“‘瓢’字能组哪些词?”

瓢字怎么组词?藏在草木与烟火里的答案 葫芦藤顺着竹架爬上去,把圆滚滚的果实坠在院角——等秋天的风把皮吹得发干,摘下来剖开,挖去籽,就成了一只。这只带着葫芦香的器物,顺着日子的纹路,撞进了许多词里,每一个都沾着烟火气,或是浸着诗味。 灶边的“瓢”:装着烟火的器物 最贴生活的“瓢”词,都在灶屋的热气里。

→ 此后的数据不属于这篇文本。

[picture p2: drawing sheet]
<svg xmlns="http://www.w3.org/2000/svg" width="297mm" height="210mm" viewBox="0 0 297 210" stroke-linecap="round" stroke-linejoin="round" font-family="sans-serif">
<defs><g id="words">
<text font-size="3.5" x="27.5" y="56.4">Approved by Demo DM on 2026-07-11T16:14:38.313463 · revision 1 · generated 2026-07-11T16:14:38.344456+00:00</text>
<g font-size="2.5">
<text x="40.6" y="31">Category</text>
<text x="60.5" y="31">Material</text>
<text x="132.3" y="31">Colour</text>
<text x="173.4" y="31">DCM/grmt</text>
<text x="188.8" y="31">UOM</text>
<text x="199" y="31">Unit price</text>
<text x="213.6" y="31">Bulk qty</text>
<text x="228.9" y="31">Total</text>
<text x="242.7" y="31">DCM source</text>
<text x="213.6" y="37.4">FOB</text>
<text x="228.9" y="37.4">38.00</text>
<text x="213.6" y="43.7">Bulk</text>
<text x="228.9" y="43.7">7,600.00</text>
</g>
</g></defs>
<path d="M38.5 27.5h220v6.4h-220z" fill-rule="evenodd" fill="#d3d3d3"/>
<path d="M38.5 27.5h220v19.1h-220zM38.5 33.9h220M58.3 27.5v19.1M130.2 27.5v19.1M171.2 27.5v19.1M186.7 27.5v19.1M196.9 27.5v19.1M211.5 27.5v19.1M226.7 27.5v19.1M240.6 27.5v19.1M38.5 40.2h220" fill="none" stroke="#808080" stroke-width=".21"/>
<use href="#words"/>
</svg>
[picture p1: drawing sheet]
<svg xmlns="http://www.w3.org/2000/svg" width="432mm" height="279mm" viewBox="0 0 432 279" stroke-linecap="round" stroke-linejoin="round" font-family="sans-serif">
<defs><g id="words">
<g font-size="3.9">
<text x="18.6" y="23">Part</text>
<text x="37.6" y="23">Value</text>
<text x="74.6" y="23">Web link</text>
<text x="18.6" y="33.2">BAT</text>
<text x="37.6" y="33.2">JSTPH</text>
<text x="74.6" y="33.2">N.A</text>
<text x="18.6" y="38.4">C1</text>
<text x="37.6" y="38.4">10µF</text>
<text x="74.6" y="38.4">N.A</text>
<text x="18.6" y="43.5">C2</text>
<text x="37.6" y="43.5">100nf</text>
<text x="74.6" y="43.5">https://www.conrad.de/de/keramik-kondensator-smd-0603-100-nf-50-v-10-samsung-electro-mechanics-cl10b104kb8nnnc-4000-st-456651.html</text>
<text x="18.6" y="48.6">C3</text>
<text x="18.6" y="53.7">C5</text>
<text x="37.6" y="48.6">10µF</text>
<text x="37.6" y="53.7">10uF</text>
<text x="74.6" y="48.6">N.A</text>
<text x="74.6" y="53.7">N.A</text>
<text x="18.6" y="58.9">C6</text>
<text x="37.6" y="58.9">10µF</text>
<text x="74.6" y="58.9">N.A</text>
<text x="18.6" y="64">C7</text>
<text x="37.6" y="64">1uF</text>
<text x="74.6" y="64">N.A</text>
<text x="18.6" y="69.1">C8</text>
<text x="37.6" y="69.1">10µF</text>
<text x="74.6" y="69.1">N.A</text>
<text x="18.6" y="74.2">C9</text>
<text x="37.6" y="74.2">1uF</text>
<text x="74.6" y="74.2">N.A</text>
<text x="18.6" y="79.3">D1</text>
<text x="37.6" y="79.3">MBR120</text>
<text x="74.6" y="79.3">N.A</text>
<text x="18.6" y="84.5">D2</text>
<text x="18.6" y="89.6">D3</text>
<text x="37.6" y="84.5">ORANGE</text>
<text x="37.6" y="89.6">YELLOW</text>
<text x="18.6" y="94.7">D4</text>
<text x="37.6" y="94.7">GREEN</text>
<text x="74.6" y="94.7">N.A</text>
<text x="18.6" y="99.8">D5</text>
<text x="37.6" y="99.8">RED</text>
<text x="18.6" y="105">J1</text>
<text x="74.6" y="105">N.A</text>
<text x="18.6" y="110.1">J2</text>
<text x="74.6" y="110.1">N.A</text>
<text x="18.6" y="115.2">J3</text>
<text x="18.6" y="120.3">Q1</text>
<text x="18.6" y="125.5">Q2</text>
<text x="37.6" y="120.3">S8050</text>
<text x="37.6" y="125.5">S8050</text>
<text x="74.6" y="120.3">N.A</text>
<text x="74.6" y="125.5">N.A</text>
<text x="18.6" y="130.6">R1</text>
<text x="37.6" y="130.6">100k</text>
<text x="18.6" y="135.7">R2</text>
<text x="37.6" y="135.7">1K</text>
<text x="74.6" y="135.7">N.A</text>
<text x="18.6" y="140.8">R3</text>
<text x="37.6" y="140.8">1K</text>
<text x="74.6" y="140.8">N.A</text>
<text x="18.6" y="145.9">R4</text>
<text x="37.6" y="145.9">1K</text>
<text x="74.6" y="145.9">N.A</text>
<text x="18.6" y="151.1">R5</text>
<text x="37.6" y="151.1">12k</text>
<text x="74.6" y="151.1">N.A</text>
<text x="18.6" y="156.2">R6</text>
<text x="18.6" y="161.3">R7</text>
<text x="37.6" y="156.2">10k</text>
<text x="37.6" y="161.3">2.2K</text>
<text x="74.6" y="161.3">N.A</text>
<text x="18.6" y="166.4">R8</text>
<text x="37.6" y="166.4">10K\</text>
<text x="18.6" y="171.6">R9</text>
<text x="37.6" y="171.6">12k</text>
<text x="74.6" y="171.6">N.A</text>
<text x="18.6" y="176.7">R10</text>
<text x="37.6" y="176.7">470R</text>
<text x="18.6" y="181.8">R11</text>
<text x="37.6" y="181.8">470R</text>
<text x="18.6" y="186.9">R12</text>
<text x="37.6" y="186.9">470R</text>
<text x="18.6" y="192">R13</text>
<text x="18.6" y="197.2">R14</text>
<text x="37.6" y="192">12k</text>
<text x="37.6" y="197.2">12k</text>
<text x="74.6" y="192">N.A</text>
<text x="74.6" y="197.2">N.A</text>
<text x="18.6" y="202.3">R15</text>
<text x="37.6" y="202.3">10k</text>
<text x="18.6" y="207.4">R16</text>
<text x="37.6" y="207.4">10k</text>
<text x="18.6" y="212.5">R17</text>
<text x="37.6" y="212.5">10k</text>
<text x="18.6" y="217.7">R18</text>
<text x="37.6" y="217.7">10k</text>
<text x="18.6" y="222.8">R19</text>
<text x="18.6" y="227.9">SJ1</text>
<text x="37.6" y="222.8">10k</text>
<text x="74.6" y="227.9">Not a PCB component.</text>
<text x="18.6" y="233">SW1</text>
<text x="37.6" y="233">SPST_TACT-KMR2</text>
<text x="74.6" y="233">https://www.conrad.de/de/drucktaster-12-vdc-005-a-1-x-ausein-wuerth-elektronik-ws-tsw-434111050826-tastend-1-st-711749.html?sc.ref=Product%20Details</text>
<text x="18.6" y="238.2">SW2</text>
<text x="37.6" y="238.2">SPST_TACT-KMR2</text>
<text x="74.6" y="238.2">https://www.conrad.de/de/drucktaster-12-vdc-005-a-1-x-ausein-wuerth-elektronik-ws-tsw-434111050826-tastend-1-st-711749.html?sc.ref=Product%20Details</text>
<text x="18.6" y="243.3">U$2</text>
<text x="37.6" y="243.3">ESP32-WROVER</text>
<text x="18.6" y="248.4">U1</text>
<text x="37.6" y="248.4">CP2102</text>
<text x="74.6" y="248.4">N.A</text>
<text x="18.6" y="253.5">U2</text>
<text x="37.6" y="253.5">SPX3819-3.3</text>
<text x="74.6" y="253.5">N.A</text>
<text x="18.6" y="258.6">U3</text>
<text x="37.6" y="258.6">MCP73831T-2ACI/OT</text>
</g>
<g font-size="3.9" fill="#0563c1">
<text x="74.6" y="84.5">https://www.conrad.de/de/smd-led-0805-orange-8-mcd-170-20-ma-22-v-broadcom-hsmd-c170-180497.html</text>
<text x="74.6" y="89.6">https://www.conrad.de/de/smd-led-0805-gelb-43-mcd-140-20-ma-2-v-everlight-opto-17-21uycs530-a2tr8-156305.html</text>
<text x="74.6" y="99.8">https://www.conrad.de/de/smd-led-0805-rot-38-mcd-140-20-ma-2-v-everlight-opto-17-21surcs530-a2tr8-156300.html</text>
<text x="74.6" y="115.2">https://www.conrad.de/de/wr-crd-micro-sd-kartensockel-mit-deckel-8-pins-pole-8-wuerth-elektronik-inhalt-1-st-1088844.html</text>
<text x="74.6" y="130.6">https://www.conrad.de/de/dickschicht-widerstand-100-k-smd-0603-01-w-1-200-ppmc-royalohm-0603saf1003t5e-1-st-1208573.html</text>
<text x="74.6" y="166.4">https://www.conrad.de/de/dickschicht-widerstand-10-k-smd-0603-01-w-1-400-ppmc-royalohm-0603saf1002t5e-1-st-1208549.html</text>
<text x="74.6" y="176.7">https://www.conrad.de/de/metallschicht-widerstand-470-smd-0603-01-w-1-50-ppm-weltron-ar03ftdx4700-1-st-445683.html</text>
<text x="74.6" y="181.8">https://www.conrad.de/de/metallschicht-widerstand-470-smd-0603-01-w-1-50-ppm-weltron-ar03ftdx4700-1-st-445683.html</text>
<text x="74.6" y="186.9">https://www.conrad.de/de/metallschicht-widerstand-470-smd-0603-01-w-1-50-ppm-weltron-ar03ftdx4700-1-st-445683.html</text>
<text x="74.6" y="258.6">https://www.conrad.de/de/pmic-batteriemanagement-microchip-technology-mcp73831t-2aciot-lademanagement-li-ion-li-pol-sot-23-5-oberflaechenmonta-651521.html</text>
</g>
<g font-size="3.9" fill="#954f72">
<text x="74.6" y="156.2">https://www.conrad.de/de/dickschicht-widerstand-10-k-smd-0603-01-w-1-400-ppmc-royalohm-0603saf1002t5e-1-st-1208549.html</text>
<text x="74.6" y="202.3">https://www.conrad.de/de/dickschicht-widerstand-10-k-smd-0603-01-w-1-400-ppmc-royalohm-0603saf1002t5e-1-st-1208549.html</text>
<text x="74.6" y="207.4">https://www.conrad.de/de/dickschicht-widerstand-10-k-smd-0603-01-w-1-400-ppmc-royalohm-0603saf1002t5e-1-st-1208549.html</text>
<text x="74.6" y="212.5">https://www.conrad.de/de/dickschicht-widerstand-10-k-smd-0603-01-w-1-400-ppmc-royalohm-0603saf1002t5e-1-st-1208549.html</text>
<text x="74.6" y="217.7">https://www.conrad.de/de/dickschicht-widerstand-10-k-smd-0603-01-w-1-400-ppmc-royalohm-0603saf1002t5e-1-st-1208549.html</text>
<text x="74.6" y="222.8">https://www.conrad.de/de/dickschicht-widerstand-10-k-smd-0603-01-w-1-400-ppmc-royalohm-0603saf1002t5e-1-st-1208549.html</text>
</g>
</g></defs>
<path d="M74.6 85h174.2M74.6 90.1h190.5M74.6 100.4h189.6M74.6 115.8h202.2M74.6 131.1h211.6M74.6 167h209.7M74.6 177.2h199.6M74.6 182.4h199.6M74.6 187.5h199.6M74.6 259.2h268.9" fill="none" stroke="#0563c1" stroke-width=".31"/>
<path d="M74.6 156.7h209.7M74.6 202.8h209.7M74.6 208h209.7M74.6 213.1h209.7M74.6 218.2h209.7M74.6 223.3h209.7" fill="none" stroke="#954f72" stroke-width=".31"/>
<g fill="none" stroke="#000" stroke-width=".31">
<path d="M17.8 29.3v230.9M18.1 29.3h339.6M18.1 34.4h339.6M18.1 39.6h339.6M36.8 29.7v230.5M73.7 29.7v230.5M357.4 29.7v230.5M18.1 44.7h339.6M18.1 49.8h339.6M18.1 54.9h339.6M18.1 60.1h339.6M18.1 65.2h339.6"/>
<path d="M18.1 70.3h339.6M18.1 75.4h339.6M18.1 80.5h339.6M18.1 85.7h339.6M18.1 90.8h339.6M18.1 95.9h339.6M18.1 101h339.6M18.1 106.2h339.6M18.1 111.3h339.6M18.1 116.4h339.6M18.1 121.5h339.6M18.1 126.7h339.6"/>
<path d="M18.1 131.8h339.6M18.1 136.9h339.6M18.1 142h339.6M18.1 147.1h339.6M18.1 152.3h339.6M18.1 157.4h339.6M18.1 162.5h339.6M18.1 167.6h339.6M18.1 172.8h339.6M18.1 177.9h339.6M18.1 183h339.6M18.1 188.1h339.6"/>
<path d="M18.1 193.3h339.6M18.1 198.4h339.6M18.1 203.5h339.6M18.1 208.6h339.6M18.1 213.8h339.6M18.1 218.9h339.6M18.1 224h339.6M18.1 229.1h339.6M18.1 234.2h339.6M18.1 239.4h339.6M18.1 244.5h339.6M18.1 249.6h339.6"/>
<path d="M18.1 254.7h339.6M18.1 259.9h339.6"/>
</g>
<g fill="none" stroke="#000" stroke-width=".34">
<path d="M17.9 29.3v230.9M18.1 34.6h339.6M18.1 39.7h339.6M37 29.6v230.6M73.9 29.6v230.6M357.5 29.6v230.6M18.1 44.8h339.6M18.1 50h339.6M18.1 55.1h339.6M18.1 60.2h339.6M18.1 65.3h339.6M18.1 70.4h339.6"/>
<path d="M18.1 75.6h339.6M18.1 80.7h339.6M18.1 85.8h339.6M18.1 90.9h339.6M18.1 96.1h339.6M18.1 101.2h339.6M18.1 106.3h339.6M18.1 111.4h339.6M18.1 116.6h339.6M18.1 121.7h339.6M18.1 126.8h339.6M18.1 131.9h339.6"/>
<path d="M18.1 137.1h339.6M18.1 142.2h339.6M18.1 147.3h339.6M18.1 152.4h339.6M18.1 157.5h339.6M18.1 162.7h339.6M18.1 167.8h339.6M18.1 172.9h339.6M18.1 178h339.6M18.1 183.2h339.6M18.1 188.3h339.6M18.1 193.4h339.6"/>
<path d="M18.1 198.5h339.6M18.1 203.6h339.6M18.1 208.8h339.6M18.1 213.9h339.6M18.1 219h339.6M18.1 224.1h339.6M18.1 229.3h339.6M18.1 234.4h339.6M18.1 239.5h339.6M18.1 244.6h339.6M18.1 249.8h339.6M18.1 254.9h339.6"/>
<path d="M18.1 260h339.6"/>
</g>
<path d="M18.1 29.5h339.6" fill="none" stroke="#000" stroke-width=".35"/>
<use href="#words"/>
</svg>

瓢勺是阿婆手里的老伙计,柄细身圆,舀起粥来不洒不溢,搅着锅里的红薯粥,米香裹着薯甜飘满院;瓢壶是柜上的陶家伙,壶盖做成瓢的模样,扣在壶口刚好严丝合缝,泡上半壶炒青,倒出来的茶里都带着葫芦的清苦;还有瓢尊,是博物馆玻璃柜里的青铜旧物,腹大颈细,像放大的瓢,从前的人用它盛酒,碰一下就能听见千年前的宴饮声。这些词里的“瓢”,都是摸得着的温度,是柴米油盐的脚。 藤上的“瓢”:连着自然的意象 “瓢”也会钻进草木里,变成自然的模样。瓢叶是南瓜藤上的大叶子,小孩摘下来顶在头上当伞,跑起来像顶着一只绿瓢,溅得泥点都带着瓜香;瓢瓜就是做瓢的葫芦,藤上挂着的时候像小灯笼,秋天摘下来晒透,剖成两半就是两只瓢,挂在屋檐下当装饰,风一吹就晃出旧时光的响;还有瓢笙,是彝族阿姐手里的乐器,用干瓢做共鸣箱,竹管插进去,吹起来像山风穿过竹林,连音符都带着草木的呼吸。这些“瓢”词,把自然揉进了生活,每一个都带着藤叶的脆响。 诗里的“瓢”:浸着文化的余味 “瓢”还会走进诗里,变成文人的心事。箪食瓢饮是孔夫子夸颜回的话——一筐饭,一瓢水,住在陋巷里也能乐呵,这“瓢”装的不是水,是读书人的清骨;陋巷瓢是古人诗里的常客,“身寄陋巷瓢,心随归鸿远”,说的是哪怕住得清苦,也守着心里的自在;还有杜甫的“瓢弃尊绿”,漂泊在外的诗人,把瓢扔在一边,酒坛空了,连“瓢”都染着漂泊的愁。这些“瓢”词,是文化的刻痕,每一个都藏着古人的心事。

风又吹过院角的葫芦藤,挂在屋檐下的老瓢晃了晃,撞出轻轻的响。那些带“瓢”的词,没有华丽的外壳,却像这只老瓢一样——晒过太阳,浸过烟火,装过清水,也盛过诗,把日子写成了最朴素的诗行。